The sort of fears implied by Guibert and the Bergues author have been seized upon by critics to argue that lay religiosity in the Middle Ages was superficial and literalistic, nothing more than the culturally acquired gloss upon basic psychological and social impulses. But this interpretation can be called into question. The critics make the mistake of setting standards for what constitutes genuine religious conviction which are anachronistic, since they are based on how devout people behave in confessionally pluralistic societies in the post-Reformation world. Other critics cling to the idea that medieval people were indeed capable of deep religious impulses, but that these were satisfied by tenacious pagan survivals from the pre-Christian era— charms, talismans, sorcery, divination, and so on—which were more immediate and trusted than what the Church had to offer. Here the mistake is made of applying much later standards to judge the medieval Church’s capacity to translate its own beliefs into other people’s behaviour. People in the eleventh century were not historically exceptional in seldom being able to sustain one level of pious commitment throughout their lifetimes: illness, the onset of old age, changes in personal status, and domestic and communal crises have regularly prompted heightened devotion in many religious systems in many periods. This is the norm. What matters is the base level of religious sentiment which is shared by most people most of the time and so serves as a stable cultural reference point. If this standard is followed, western European society on the eve of the First Crusade appears thoroughly Christian.

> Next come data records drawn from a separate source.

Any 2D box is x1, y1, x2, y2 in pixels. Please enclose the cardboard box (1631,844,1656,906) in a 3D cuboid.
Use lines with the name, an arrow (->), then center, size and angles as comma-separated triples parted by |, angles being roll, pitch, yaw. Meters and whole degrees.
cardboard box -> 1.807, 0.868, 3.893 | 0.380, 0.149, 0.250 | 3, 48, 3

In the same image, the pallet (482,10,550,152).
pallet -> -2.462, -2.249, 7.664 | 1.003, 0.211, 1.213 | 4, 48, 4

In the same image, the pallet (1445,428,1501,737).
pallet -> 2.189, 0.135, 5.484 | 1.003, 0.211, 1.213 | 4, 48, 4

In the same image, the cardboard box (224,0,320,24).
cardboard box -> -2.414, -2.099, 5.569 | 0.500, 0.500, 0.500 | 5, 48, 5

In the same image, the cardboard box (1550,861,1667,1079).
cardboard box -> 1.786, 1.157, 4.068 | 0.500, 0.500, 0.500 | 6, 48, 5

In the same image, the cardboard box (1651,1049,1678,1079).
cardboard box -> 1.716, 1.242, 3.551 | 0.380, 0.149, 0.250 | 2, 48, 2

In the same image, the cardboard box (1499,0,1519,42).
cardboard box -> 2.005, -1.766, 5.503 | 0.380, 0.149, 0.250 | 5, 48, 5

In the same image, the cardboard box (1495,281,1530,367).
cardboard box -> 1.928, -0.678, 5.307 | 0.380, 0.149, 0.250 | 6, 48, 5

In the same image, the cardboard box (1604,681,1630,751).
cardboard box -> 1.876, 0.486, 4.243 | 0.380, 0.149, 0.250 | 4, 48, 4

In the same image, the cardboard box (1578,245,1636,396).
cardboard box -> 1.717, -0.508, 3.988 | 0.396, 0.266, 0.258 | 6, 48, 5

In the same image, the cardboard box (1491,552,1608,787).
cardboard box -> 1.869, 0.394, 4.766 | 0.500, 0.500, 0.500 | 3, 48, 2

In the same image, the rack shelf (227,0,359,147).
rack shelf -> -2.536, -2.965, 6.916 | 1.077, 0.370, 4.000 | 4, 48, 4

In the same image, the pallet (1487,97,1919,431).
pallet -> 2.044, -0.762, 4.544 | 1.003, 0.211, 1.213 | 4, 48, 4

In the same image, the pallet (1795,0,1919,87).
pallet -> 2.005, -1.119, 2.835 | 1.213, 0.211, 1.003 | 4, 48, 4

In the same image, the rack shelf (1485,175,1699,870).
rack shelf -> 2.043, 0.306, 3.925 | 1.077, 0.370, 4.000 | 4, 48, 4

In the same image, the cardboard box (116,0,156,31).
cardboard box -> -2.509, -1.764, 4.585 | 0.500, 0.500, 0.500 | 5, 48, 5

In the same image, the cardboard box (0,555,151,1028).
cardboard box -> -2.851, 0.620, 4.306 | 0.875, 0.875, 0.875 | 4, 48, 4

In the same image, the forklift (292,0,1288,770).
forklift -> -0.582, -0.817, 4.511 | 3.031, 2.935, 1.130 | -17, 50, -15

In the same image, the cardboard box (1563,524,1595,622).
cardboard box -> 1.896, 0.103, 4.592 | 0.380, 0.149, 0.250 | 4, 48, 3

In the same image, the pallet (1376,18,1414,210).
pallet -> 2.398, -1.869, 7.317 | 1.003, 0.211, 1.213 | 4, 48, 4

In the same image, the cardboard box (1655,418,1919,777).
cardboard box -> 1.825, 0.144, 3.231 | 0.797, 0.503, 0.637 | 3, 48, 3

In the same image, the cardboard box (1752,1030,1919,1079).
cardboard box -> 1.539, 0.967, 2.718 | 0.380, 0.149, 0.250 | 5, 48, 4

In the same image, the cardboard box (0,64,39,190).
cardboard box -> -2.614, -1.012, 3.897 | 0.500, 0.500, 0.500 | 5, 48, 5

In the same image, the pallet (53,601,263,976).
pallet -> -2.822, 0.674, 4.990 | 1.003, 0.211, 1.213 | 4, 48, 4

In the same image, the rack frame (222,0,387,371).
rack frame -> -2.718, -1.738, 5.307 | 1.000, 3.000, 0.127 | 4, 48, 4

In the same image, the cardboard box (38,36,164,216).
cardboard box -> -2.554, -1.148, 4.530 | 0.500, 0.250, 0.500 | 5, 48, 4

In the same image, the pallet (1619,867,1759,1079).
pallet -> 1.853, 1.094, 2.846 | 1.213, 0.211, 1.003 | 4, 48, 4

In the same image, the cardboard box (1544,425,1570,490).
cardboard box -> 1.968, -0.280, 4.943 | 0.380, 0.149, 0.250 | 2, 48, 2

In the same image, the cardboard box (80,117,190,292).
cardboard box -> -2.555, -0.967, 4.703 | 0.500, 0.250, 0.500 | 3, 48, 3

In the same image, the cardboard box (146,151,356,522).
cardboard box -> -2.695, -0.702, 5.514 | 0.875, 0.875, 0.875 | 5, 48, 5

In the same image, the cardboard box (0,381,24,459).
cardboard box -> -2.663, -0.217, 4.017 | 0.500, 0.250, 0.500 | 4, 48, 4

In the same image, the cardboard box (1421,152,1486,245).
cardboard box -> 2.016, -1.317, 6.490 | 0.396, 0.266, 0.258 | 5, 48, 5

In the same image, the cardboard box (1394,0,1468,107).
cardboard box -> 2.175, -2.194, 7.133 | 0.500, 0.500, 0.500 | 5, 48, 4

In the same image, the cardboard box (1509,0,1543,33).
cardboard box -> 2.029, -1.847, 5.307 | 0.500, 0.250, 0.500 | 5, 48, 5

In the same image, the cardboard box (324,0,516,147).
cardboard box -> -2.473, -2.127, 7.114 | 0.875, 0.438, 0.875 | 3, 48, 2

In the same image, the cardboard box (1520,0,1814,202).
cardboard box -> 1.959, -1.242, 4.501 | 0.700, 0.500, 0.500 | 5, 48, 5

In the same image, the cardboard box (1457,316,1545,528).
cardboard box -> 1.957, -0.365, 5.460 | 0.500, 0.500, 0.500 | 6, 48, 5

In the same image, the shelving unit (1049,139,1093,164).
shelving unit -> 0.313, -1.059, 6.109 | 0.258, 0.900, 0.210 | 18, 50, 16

Clerical sensitivity to what seems a something-for-something religious mentality can also be interpreted positively as a sign of the Church’s strength, since the sort of reciprocity anticipated by the faithful at Bergues was one, slightly aberrant, offshoot of a fundamental principle which the authorities actively propagated: the idea that the relationship between this world and the next was governed by cause and effect. At the time of the First Crusade the Church taught that sins could be remedied, at least in theory, by acts of penance. For lay people penances usually took the form of periods of sexual and dietary abstinence and a disruption of normal routine: penitents were not permitted, for example, to bear arms. Many pilgrimages were undertaken as penances. Attitudes, it should be noted, were beginning to change, as people wondered whether mere mortals were capable of nullifying their sinfulness by their own puny efforts without a helping hand from God’s infinite mercy. But the notion of treating penances as simply the symbolic demonstration of contrition to be undertaken after the sinner has been reconciled through sacramental absolution—the system which operates in the modern Catholic Church—was still undeveloped. In the closing years of the eleventh century the belief remained entrenched that penitential acts could suffice to wash away sin.
This does much to explain the potent appeal of the First Crusade, which Urban II conceived as an act so expensive, long, and emotionally and physically arduous that it amounted to a ‘satisfactory’ penance capable of undoing all the sins which intending crusaders confessed. Urban knew how his audiences’ minds worked. The son of a minor noble from Champagne, he had served in the cathedral of Reims and the great Burgundian abbey of Cluny before pursuing his career in the papal court. His background equipped him to understand the paradox at the heart of lay religious sentiment. Lay people offered ample proof of their awareness of their sinfulness, by undertaking pilgrimages, for example, or by endowing the monks and nuns who approximated most closely to the unattainable ideal of sinless human conduct. But their unavoidable immersion in worldly concerns meant that it was impossible for them to perform all the time-consuming and socially disruptive penances which could keep pace with their ever-increasing catalogue of misdeeds. The crusade message cut the Gordian Knot. Here at last was a spiritually effective activity designed specifically for lay people, in particular the warrior élites whose sins were considered among the most numerous and notorious. The laity could aspire, as Guibert of Nogent shrewdly expressed matters, to deserve salvation without abandoning its accustomed dress and by channelling its instincts in directions which accommodated its ingrained social conditioning.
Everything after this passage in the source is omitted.